Do ujęcia obywatelskiego doszło 28 października około godziny 12.20 na trasie S-8. Z relacji świadka wynikało, że kierujący jadąc od strony Ostrowi Mazowieckiej nie panował nad pojazdem ciężarowym i miał trudność z utrzymaniem jednego pasa ruchu. W Ojcowiźnie, kiedy kierowca "tira" zjechał do zatoki kontrolnej, jadący za nim świadek udaremnił mu dalszą jazdę i powiadomił Policję. Gdy oficer dyżurny wyszkowskiej komendy otrzymał zgłoszenie o zaistniałej sytuacji natychmiast na miejsce skierował policyjną załogę mazowieckiej grupy SPEED. Podczas przeprowadzania przez mundurowych badania na trzeźwość, okazało się, że przypuszczenia świadka zdarzenia potwierdziły się. 36-letni kierowca z Białorusi miał w organizmie ponad 3 promile alkoholu. Mężczyzna został zatrzymany w policyjnym areszcie.

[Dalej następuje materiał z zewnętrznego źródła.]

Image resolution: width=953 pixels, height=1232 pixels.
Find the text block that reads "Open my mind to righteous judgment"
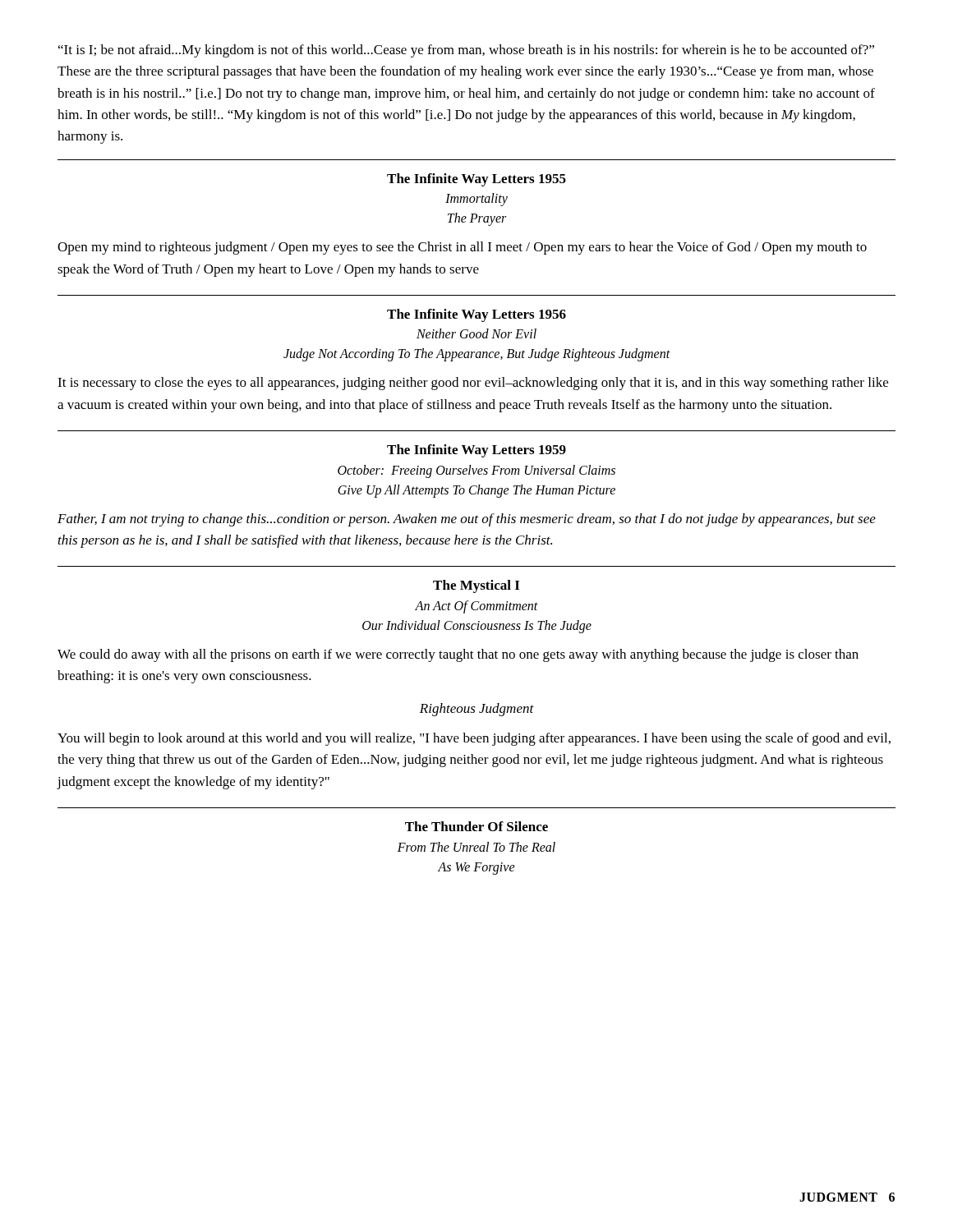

Za jazdę w stanie nietrzeźwości kierującym grozi kara do 2 lat pozbawienia wolności, zatrzymanie prawa jazdy na minimum 3 lata oraz wpłata od 5.000 złotych na rzecz Funduszu Pomocy Pokrzywdzonym oraz Pomocy Postpenitencjarnej. Opisane konsekwencje są bardziej rygorystyczne wobec kierujących, którzy byli uprzednio skazani za prowadzenie pojazdu w stanie nietrzeźwości. Za taki czyn grozi kara pozbawienia wolności do 5 lat, dożywotni zakaz prowadzenia pojazdów oraz świadczenie pieniężne w kwocie nie mniejszej niż 10.000 złotych.
Pamiętajmy, że ujęcie obywatelskie to przywilej wynikający z treści art. 243 kodeksu postępowania karnego. Sprawcę można ująć zarówno na gorącym uczynku popełnienia przestępstwa lub w pościgu podjętym bezpośrednio po jego popełnieniu. Następnie taką osobę należy niezwłocznie przekazać Policji.